Cash Flow

What is Cash Flow Statement

Cash Flow Statement

What is Cash Flow Statement

Cash Flow Statement is mandatory to report as per the international accounting standard (IAS) 1 every company is required to present the financial reports at the end of the financial year. It shows the report of cash inflow and out flow from the organization. Before explaining the topic I would like to explain each word

  • Cash is a monetary term, Cash equivalent Refer to the coins, currency, Prize bond, Marketable securities. Or most liquid things like bank balance i.e. check and foreign currency.
  • The flow here refers to the change from one place to another of cash; here in accounting, we can say monetary transaction. It may be inflow or outflow of the organization.
  • Statements refer to the standard format of recording the cash movement.

The cash flow statements provide information about the movement of money into a business. Such as cash receipts (inflow of cash) payment (outflow of cash) in the accounting year. Flows of cash check by the different period of time. Cash flow represents the flow of statement period to period. Its provide information regarding the liquidity of the firm. Its explain the reasons for the increase or the decrease in the cash balance from one balance sheet data to the next classifies the reasons for the change as an operating, investing and financing activities.
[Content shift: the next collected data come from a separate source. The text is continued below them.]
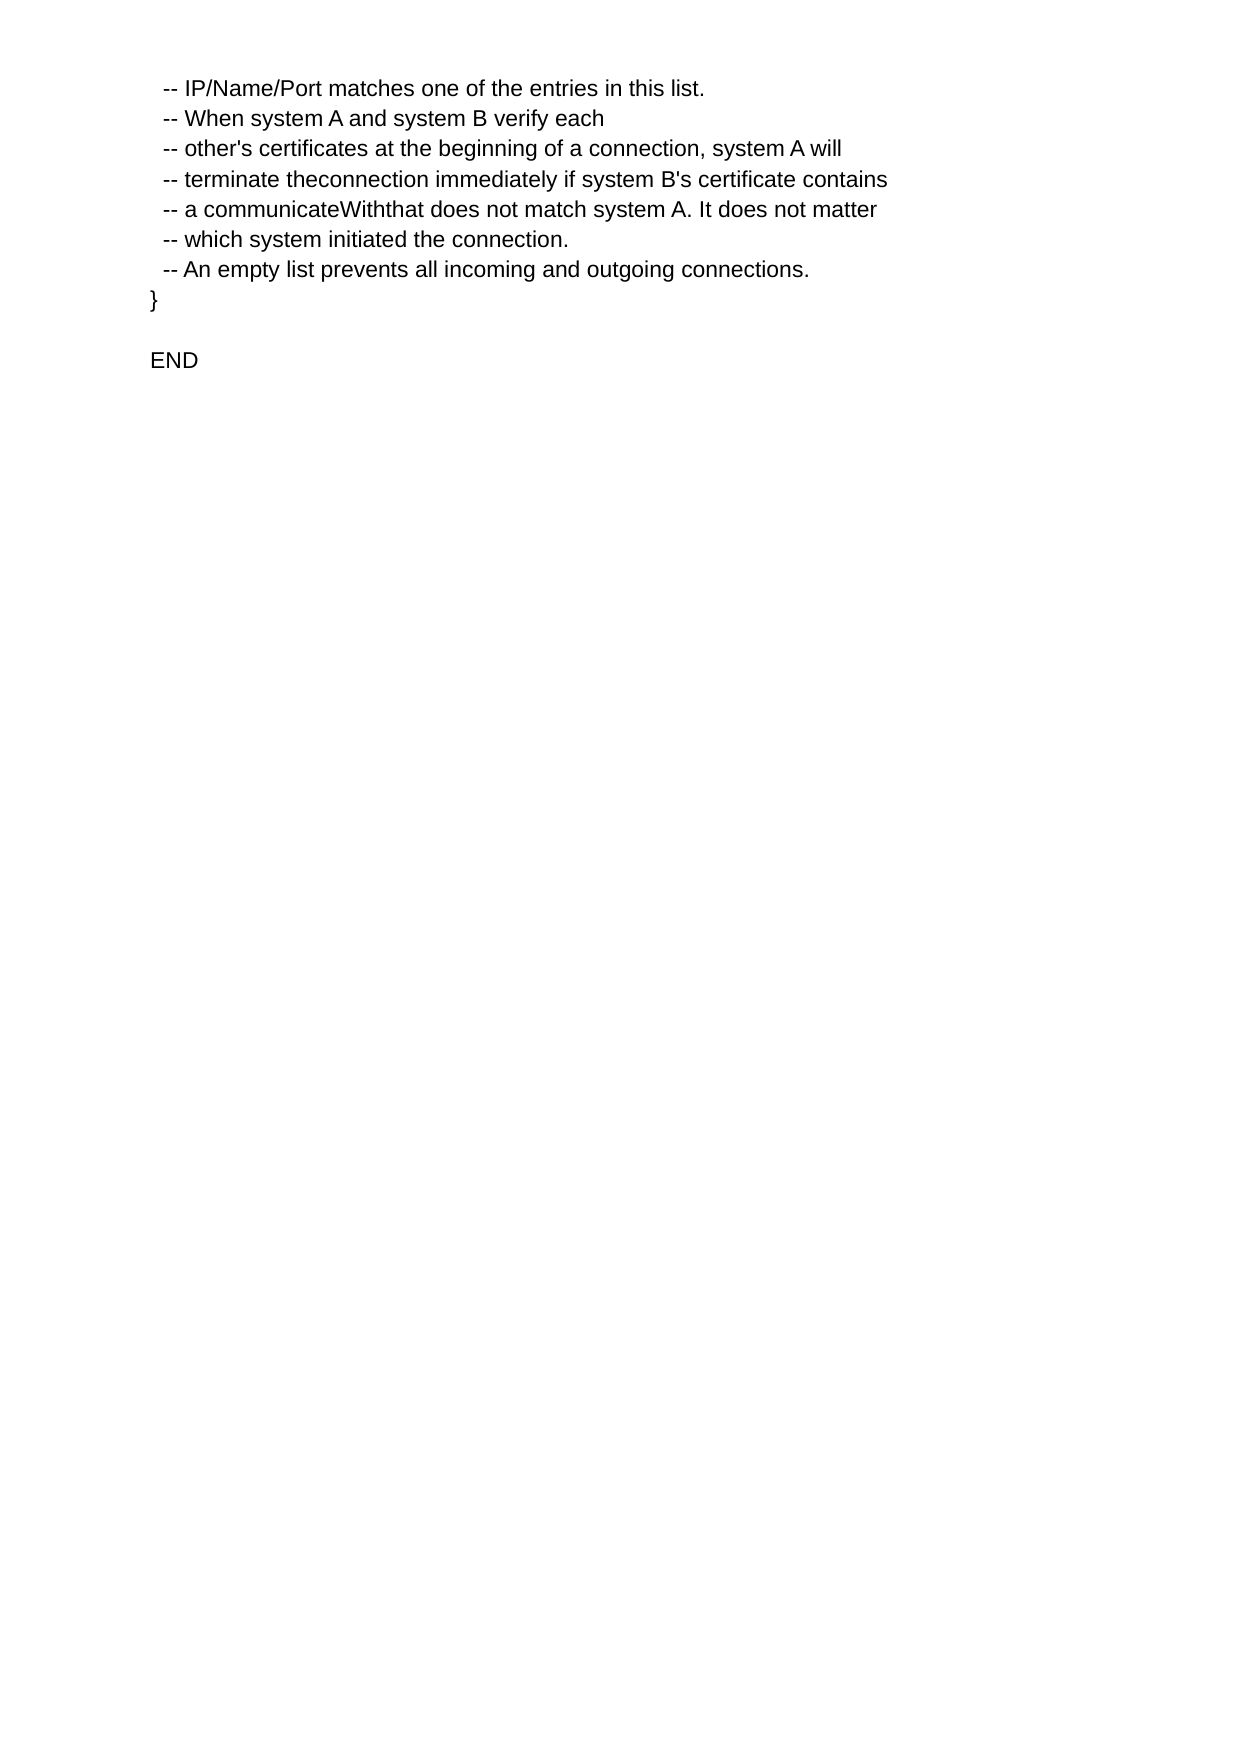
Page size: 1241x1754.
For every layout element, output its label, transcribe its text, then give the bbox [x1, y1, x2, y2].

text -- An empty list prevents all incoming and outgoing connections. } END [150, 256, 1165, 403]
text -- terminate theconnection immediately if system B's certificate contains [150, 166, 1165, 192]
text -- other's certificates at the beginning of a connection, system A will [150, 135, 1165, 162]
text -- When system A and system B verify each [150, 105, 1165, 132]
text -- IP/Name/Port matches one of the entries in this list. [150, 75, 1165, 101]
text -- a communicateWiththat does not match system A. It does not matter [150, 196, 1165, 222]
text -- which system initiated the connection. [150, 226, 1165, 252]
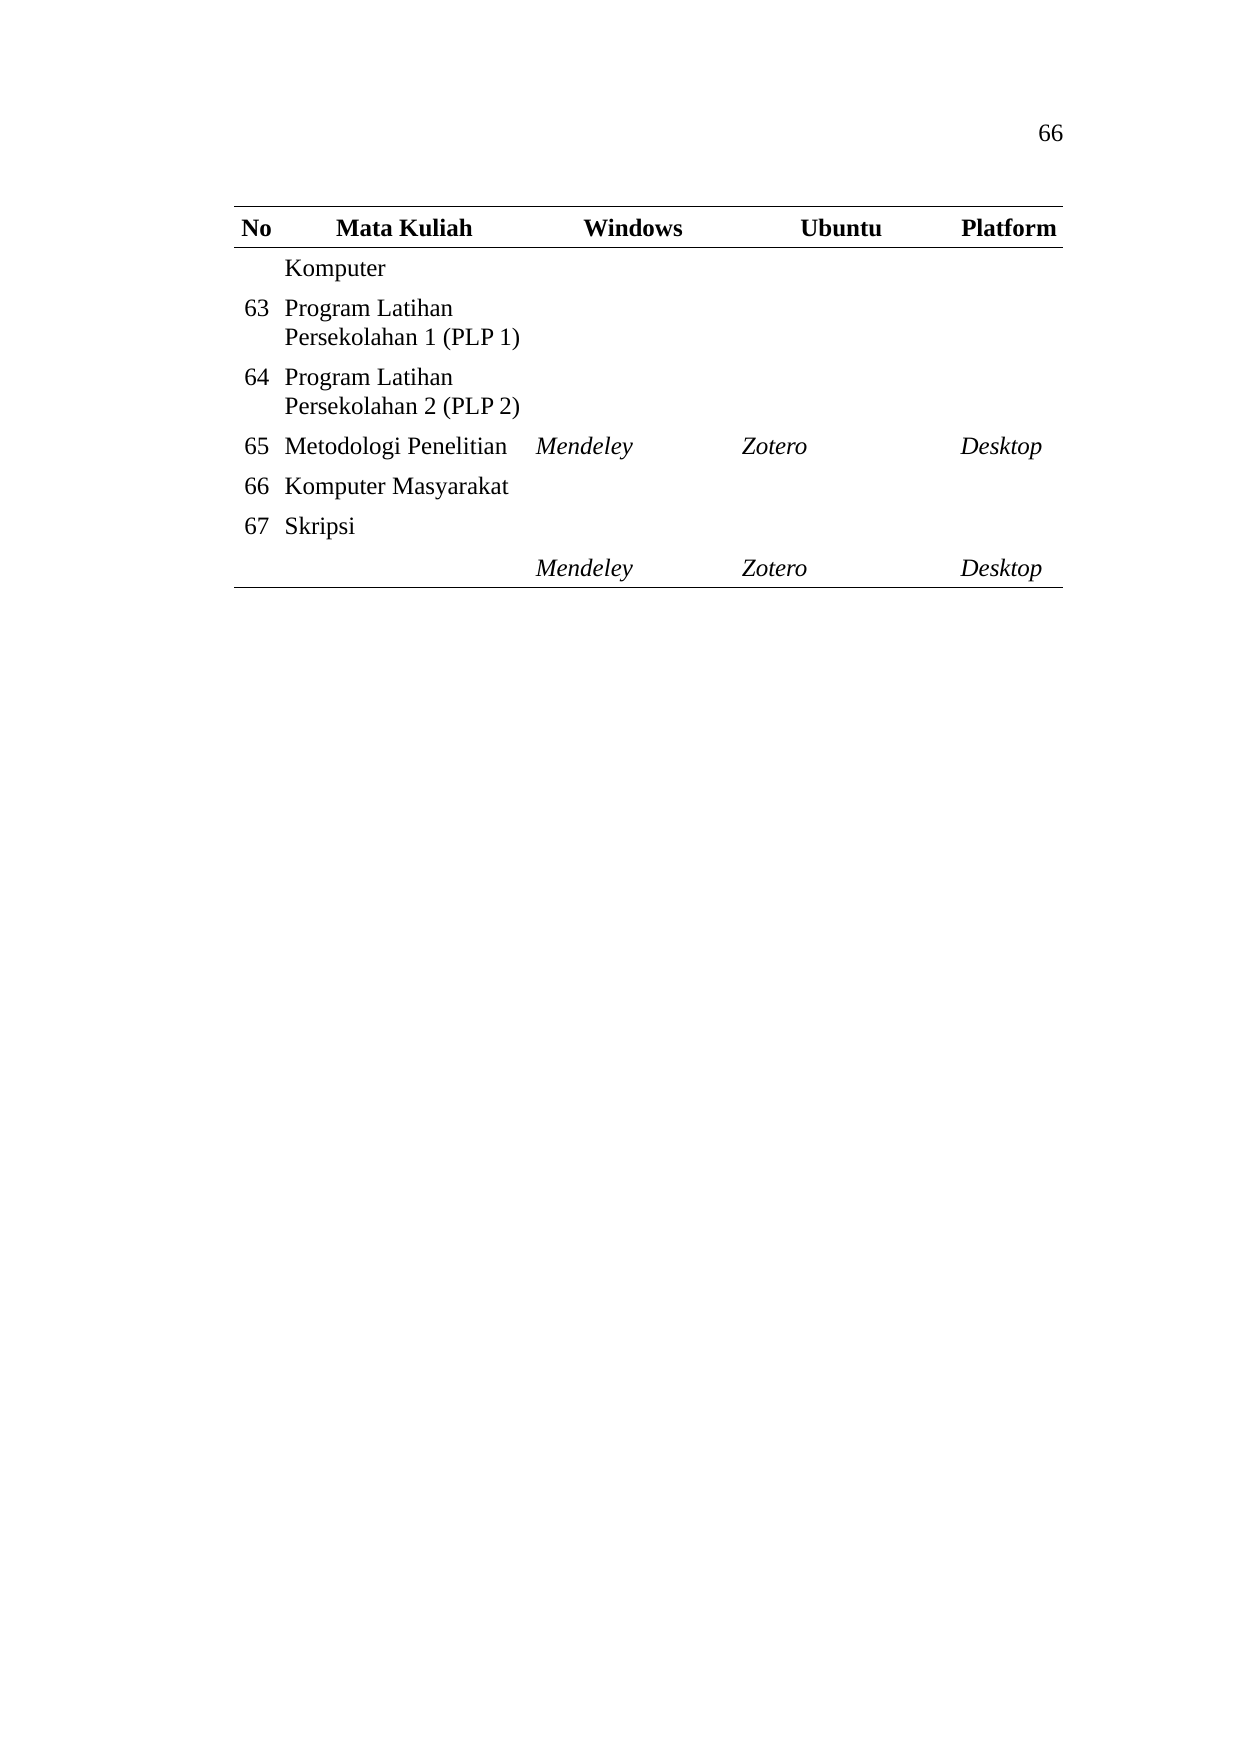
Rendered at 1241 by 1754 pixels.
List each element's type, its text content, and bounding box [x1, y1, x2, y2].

The international accounting standard 7 (IAS 7) is purely designed for cash flow statements. It is also known as the statement of Cash flow.

The Difference between the Income statement and the Cash flow statement is accrual accounting. An income statement shows the items related to the financial period but cash flow represents cash basis transaction irrespective the effect of what financial accounting period.

Cash Inflow and Out Flow

Operating activities Investing activities

Financing activities

  • When cash receipts
  • Exceed cash expenditures
  • Sale of property
  • Plant and equipment
  • Collection of loan to others entities
  • Issuance of equity securities
  • Issuance of debentures

What is the Purpose of Cash Flow Statements?

Here the purpose of it is to bind the companies to present the statement in prescribed standard cash flow statement format. So user or stakeholder comes to know about companies activities. Here it’s up to the user what he gets and observes. Main objectives are as mentioned below

  • To enable the user to analyze the change in net assets of the company.
  • Nature of the company and its focus on what types of activities.
  • Management skills are observed, how they generate liquid current asset for operating the business.
  • Finding how much cash is generated or used from different types of activities.
  • Liquidity of organization for meeting the expense or loan etc. and ability to meet the uncertainty.
  • Provide information about cash inflow and out flow during the period
  • Provide information about cash changes between two balance sheet data
  • Discloses items that effect the balance sheet but do not show up in the income statement
  • Categories changes as operating, investing or financing activities
  • Highlight cash flow from different activities
  • Short term planning
  • Cash flow information helps to understand business liquidity position
  • Efficient cash management
  • Prediction of cash sickness
  • Comparison with budget
  • Current cash position

Basically, it’s one of the best financial analytic tools to observe the financial position of the company. Its helps and update the lender to know the worth for paying back the loan. Employees need to know the WPPF and for shareholders to know profit and dividend importance.

Just like law and order are made in every country for regulating the nation and operations for peace and balance in society. Everyone knows their limits and scope for working. Same here companies and stakeholders are

Methods of Calculating CFS

  1. Direct Method: Summary of Cash Register Receipts and payments to each head of the account of operating activities. Here simple show the items instead of adjusting items from accrual basis to cash basis.
  2. Indirect Method: In this need, some changes and adjustment are presented, start from net profit and then adjust the non-cash items.

Classification of Statement of Cash Flow:

Cash flow statement extracted the amount of net income in a period is usually different than the amount of increase in cash in the same period. Cash flow statement discloses the additional information related to the significant non cash investing and financing activities and also show a record of cash paid for interest and taxes. The circulation of cash within the business is determined through various below activities.

  1. Operating Activities
  2. Investing Activities
  3. Financial Activities

Operating Activities

This section relates to the profit and loss account items. The activities are those which are purely revenue-producing activities of the organization. Examples are as mentioned below

  • Cash Received against the sale of goods, products
  • Cash received in charge of providing services
  • Commission, Fees, royalties’ derived cash to the organization.
  • Cash paid to the supplies against the purchase of goods and services
  • Cash paid to Employees, Salaries, and Wages, etc.
  • Cash paid to dealers for the contract of trading activities

Investing Activities

This section related to long term assets of the organization. Get the data from the balance sheet. This section is important for investors, which helps in decision making. These are capital nature expenditures. Examples are as mentioned below

  • Cash payments for the purchase of fixed assets, like plan and machinery, equipment’s
  • Cash Received on the sale of long term assets. Like land and building, plant and machinery.
  • Purchasing investment, shares, bonds, Stock

Financing Activities

As the name indicates Cash activities related to the financing the matter come in this part of statements. Like payment of a refund of loan, those items which are directly effected on capital and liabilities of the organization are involved in this disclosure.